# [INPUT DATA]
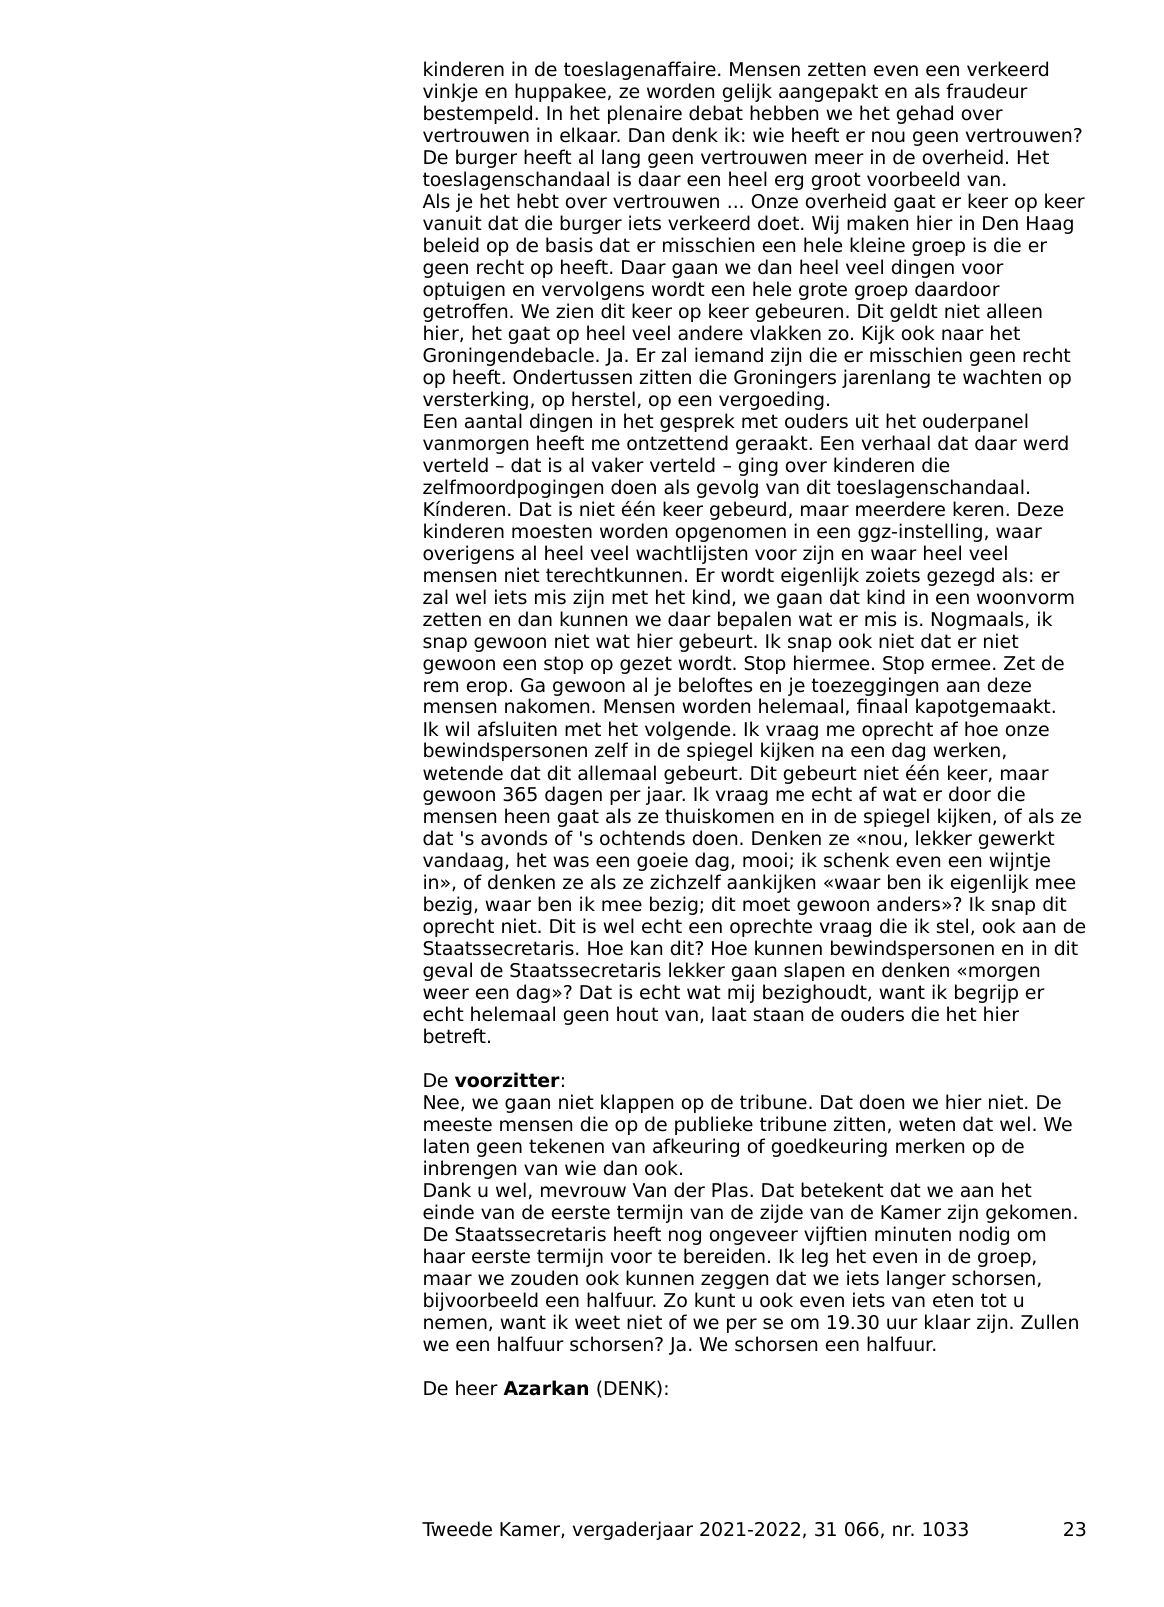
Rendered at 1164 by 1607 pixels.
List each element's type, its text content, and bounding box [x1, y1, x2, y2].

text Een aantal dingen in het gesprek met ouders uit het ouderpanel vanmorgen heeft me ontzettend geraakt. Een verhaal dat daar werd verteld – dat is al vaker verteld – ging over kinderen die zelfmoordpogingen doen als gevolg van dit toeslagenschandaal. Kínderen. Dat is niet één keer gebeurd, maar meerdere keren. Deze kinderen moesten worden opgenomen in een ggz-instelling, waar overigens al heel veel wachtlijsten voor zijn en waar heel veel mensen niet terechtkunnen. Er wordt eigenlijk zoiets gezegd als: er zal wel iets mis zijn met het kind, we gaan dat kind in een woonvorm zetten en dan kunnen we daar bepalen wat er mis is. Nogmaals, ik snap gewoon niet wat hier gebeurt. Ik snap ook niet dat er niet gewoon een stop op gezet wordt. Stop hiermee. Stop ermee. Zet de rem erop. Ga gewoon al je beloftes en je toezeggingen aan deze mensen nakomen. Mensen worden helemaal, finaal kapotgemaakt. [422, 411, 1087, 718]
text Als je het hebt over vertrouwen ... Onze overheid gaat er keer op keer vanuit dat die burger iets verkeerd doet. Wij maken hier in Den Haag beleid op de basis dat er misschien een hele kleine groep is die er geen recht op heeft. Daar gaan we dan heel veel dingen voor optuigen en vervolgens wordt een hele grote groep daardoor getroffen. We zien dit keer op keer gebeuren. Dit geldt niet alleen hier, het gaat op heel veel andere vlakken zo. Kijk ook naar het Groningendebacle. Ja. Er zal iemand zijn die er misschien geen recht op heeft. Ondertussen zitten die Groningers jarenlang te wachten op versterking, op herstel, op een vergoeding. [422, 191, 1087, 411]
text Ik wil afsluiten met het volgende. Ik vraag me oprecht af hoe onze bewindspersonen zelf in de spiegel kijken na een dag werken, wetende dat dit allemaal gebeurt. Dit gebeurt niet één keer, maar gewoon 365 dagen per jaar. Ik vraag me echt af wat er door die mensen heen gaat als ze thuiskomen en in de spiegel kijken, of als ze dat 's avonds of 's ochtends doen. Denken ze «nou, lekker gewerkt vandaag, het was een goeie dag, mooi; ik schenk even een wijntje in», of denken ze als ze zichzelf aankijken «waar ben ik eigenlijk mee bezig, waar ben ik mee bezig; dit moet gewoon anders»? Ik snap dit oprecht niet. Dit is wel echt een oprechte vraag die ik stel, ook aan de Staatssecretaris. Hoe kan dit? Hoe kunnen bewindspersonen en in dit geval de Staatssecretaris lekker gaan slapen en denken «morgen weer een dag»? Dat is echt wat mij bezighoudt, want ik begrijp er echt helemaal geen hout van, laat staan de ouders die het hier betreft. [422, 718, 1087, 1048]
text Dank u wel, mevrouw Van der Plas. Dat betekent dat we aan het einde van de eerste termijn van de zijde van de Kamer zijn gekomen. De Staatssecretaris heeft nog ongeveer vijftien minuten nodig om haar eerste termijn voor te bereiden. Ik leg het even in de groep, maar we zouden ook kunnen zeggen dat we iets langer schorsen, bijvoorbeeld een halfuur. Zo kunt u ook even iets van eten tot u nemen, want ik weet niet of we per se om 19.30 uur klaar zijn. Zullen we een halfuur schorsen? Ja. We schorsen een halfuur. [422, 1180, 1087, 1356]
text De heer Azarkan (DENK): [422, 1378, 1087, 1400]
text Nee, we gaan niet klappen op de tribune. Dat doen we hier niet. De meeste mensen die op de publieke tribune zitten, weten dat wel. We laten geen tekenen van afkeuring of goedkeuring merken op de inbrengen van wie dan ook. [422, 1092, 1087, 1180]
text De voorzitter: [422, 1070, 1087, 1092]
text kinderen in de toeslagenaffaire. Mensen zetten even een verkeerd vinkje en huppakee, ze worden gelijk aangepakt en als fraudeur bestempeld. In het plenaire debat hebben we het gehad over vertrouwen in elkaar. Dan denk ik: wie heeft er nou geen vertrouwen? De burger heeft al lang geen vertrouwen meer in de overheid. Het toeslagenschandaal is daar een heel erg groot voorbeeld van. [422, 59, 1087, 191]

# [EXERCISE OBJECTIVE]
Every entry above is to be printed again exactly, pictures omitted.

# [EXERCISE OUTPUT]
Rendered at 1164 by 1607 pixels.
List each element's type, its text content, and bounding box [x1, y1, x2, y2].

text Een aantal dingen in het gesprek met ouders uit het ouderpanel vanmorgen heeft me ontzettend geraakt. Een verhaal dat daar werd verteld – dat is al vaker verteld – ging over kinderen die zelfmoordpogingen doen als gevolg van dit toeslagenschandaal. Kínderen. Dat is niet één keer gebeurd, maar meerdere keren. Deze kinderen moesten worden opgenomen in een ggz-instelling, waar overigens al heel veel wachtlijsten voor zijn en waar heel veel mensen niet terechtkunnen. Er wordt eigenlijk zoiets gezegd als: er zal wel iets mis zijn met het kind, we gaan dat kind in een woonvorm zetten en dan kunnen we daar bepalen wat er mis is. Nogmaals, ik snap gewoon niet wat hier gebeurt. Ik snap ook niet dat er niet gewoon een stop op gezet wordt. Stop hiermee. Stop ermee. Zet de rem erop. Ga gewoon al je beloftes en je toezeggingen aan deze mensen nakomen. Mensen worden helemaal, finaal kapotgemaakt. [422, 411, 1087, 718]
text Als je het hebt over vertrouwen ... Onze overheid gaat er keer op keer vanuit dat die burger iets verkeerd doet. Wij maken hier in Den Haag beleid op de basis dat er misschien een hele kleine groep is die er geen recht op heeft. Daar gaan we dan heel veel dingen voor optuigen en vervolgens wordt een hele grote groep daardoor getroffen. We zien dit keer op keer gebeuren. Dit geldt niet alleen hier, het gaat op heel veel andere vlakken zo. Kijk ook naar het Groningendebacle. Ja. Er zal iemand zijn die er misschien geen recht op heeft. Ondertussen zitten die Groningers jarenlang te wachten op versterking, op herstel, op een vergoeding. [422, 191, 1087, 411]
text Ik wil afsluiten met het volgende. Ik vraag me oprecht af hoe onze bewindspersonen zelf in de spiegel kijken na een dag werken, wetende dat dit allemaal gebeurt. Dit gebeurt niet één keer, maar gewoon 365 dagen per jaar. Ik vraag me echt af wat er door die mensen heen gaat als ze thuiskomen en in de spiegel kijken, of als ze dat 's avonds of 's ochtends doen. Denken ze «nou, lekker gewerkt vandaag, het was een goeie dag, mooi; ik schenk even een wijntje in», of denken ze als ze zichzelf aankijken «waar ben ik eigenlijk mee bezig, waar ben ik mee bezig; dit moet gewoon anders»? Ik snap dit oprecht niet. Dit is wel echt een oprechte vraag die ik stel, ook aan de Staatssecretaris. Hoe kan dit? Hoe kunnen bewindspersonen en in dit geval de Staatssecretaris lekker gaan slapen en denken «morgen weer een dag»? Dat is echt wat mij bezighoudt, want ik begrijp er echt helemaal geen hout van, laat staan de ouders die het hier betreft. [422, 718, 1087, 1048]
text Dank u wel, mevrouw Van der Plas. Dat betekent dat we aan het einde van de eerste termijn van de zijde van de Kamer zijn gekomen. De Staatssecretaris heeft nog ongeveer vijftien minuten nodig om haar eerste termijn voor te bereiden. Ik leg het even in de groep, maar we zouden ook kunnen zeggen dat we iets langer schorsen, bijvoorbeeld een halfuur. Zo kunt u ook even iets van eten tot u nemen, want ik weet niet of we per se om 19.30 uur klaar zijn. Zullen we een halfuur schorsen? Ja. We schorsen een halfuur. [422, 1180, 1087, 1356]
text De heer Azarkan (DENK): [422, 1378, 1087, 1400]
text Nee, we gaan niet klappen op de tribune. Dat doen we hier niet. De meeste mensen die op de publieke tribune zitten, weten dat wel. We laten geen tekenen van afkeuring of goedkeuring merken op de inbrengen van wie dan ook. [422, 1092, 1087, 1180]
text De voorzitter: [422, 1070, 1087, 1092]
text kinderen in de toeslagenaffaire. Mensen zetten even een verkeerd vinkje en huppakee, ze worden gelijk aangepakt en als fraudeur bestempeld. In het plenaire debat hebben we het gehad over vertrouwen in elkaar. Dan denk ik: wie heeft er nou geen vertrouwen? De burger heeft al lang geen vertrouwen meer in de overheid. Het toeslagenschandaal is daar een heel erg groot voorbeeld van. [422, 59, 1087, 191]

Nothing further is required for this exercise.